Transposées en droit interne, ces règles furent étendues à l'ensemble des délégations. Désormais,
elles doivent toutes faire l'objet d'une publicité préalable, depuis la loi Sapin du 29 janvier 1993.
Par son arrêt du 23 décembre 2009, Etablissement public du musée et du domaine national de
Versailles, le Conseil d'État a en outre imposé que les délégations se conforment aux principes
généraux de la commande publique : liberté d'accès, égalité de traitement des candidats,
transparence des procédures.
Au-delà de cette base, à l'instar des procédures aménagées pour les marchés, les règles applicables
se révèlent plus ou moins strictes selon les cas.
Comme tout contrat, le contrat administratif comporte des droits et des obligations. D'origine
principalement jurisprudentielle, le droit de l'exécution du contrat montre une certaine inégalité
dans les rapports contractuels.
La personne publique détient des pouvoirs spécifiques qui se justifient par la poursuite de l'intérêt
général. En contrepartie, ces prérogatives sont contrebalancées par les droits financiers du
contractant.
§.1 une exécution marquée par les prérogatives juridiques de la personne publique
Cette palette de mesures coercitives orientée vers l'exécution effective de l'obligation contractuelle
peut être décidée unilatéralement par l'administration cocontractante, sans qu’un juge intervienne,
car depuis une décision de 1907, ce dernier estime que les pouvoirs de sanction existent de plein
droit, même en l'absence de toute précision du contrat. Il s'agit de l'arrêt du Conseil d'État du 31 mai
1907 Deplanque.
Dans un arrêt bien plus récent du Conseil d'État rendu en Assemblée le 9 novembre 2016, société
Fosmax, la juridiction rattache le pouvoir de l'administration de prononcer les sanctions coercitives,
je cite : “ Aux règles générales applicables aux contrats administratifs et il est présenté comme une
règle d'ordre public à laquelle les personnes publiques ne peuvent valablement renoncer.”
Elle doit être fondée sur de réelles raisons d'intérêt général que le juge peut être amené à contrôler.
Alors prenons un exemple, la décision d'Assemblée rendue par le Conseil d'État le 2 mai 1958.
Distillerie de Magnac-Laval
Il entendait réduire la quantité d'alcool qu'il s'était engagé par contrat à acheter, et mettre fin au
marché en cours. La société de distillerie Magnac Laval soutenait que le gouvernement
méconnaissait les droits que les distillateurs titulaires de ces marchés tenaient de leur contrat et
avait porté atteinte à leurs biens.
Qu’a estimé le Conseil d'État ? Je vous lis le motif essentiel qui s'applique toujours aujourd'hui : “Il
appartenait au gouvernement en vertu des dispositions de l'article 7 de la loi du 11 juillet 1953 et en
vue de limiter les charges qui pesaient sur les finances de l'État, de réorganiser comme il l'a fait par le
décret dont s'agit la production de l'alcool produits agricoles réglementés.

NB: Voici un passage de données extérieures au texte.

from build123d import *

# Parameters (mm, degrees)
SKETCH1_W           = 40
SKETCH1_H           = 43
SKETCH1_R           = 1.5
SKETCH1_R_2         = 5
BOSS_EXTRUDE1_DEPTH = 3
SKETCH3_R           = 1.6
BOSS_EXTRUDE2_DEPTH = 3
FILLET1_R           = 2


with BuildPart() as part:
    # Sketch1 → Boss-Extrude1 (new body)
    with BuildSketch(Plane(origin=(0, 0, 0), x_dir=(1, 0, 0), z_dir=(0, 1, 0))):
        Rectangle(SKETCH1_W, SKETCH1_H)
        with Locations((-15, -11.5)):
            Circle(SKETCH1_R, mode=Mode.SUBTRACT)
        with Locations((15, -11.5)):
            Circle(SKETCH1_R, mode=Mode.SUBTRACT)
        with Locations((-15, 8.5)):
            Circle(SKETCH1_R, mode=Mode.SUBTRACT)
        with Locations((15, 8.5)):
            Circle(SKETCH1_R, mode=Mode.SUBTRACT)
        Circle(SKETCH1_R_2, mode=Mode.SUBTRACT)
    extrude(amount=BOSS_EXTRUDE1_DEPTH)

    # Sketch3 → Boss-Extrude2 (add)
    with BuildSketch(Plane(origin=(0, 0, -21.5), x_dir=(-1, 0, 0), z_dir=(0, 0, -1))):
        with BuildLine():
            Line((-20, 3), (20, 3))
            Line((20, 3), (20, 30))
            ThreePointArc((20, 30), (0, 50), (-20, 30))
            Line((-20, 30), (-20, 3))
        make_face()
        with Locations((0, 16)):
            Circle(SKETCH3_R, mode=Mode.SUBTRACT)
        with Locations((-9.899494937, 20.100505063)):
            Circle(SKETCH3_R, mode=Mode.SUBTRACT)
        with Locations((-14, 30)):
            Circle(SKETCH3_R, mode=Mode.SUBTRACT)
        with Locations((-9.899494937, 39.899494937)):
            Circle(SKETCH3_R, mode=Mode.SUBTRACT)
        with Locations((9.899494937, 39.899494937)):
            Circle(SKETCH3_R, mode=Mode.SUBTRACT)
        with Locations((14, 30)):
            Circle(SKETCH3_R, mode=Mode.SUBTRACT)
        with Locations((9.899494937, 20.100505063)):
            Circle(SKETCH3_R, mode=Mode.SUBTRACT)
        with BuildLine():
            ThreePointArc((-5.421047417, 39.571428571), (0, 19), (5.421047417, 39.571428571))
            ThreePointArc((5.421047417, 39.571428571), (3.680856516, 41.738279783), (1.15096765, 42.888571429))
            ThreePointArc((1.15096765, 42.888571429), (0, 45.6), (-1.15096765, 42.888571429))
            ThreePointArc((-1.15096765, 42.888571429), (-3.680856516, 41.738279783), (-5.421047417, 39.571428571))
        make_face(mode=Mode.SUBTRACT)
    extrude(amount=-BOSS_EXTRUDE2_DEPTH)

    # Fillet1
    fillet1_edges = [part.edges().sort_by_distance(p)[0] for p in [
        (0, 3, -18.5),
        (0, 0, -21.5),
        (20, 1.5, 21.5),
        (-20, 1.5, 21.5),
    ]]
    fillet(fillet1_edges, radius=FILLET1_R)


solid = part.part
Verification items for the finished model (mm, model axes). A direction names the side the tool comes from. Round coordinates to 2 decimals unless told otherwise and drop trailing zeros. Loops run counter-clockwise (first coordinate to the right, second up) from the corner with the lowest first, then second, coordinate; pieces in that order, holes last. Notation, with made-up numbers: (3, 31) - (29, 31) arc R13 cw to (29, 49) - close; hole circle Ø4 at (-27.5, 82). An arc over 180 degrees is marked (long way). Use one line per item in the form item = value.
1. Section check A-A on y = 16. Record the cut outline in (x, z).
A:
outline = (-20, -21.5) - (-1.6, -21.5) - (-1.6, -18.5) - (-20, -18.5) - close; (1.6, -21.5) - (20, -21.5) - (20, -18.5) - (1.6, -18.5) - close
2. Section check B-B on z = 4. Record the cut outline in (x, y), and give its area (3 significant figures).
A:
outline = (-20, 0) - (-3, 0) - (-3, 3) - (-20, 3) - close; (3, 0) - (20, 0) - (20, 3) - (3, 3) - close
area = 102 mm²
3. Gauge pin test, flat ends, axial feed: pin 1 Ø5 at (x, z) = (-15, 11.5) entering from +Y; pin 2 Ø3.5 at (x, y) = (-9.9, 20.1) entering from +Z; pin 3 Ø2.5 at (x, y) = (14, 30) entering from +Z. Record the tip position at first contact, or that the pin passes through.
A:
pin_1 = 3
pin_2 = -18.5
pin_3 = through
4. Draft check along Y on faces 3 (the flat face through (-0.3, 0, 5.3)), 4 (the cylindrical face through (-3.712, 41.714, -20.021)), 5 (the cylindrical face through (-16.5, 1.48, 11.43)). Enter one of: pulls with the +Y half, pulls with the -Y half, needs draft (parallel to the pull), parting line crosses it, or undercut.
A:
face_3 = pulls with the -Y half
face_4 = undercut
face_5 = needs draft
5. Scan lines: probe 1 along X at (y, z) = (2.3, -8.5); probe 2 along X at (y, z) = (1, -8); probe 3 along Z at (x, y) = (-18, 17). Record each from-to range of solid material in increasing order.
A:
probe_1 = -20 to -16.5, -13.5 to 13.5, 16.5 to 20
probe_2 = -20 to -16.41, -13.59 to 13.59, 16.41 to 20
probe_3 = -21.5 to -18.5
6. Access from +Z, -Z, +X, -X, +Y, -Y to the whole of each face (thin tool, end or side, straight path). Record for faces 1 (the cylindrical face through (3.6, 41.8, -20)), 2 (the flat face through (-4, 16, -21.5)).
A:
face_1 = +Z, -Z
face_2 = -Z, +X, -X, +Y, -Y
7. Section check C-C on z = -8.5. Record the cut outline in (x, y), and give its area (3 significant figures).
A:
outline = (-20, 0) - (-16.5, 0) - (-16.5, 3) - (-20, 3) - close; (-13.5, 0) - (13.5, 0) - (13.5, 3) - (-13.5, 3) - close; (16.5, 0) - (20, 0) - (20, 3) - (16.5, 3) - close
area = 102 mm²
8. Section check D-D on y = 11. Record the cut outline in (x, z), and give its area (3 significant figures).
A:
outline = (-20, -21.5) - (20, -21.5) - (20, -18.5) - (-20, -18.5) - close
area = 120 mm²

Que les droits les
distillateurs à produire de l'alcool dans la limite d'un contingent sont subordonnés à la fixation
périodique par l'autorité compétente du montant dudit contingent, que par suite ces droits ne
constituent pas des biens. Qu’en conséquence, lesdites dispositions ne faisaient pas obstacle à ce
que le gouvernement organisât une réduction progressive du continent global annuel de production
d'alcool, considérant que si les droits résultants pour leur titulaire des marchés de fournitures en
cours d'exécution constituent des biens auxquels l'article 7 de la loi ne permettait pas au
gouvernement de porter atteinte, il appartenait en tout état de cause, en vertu des règles applicables
aux contrats administratifs et sous réserve des droits à indemnité des intéressés de mettre fin,
comme il l'a fait, à ces marchés de fournitures.”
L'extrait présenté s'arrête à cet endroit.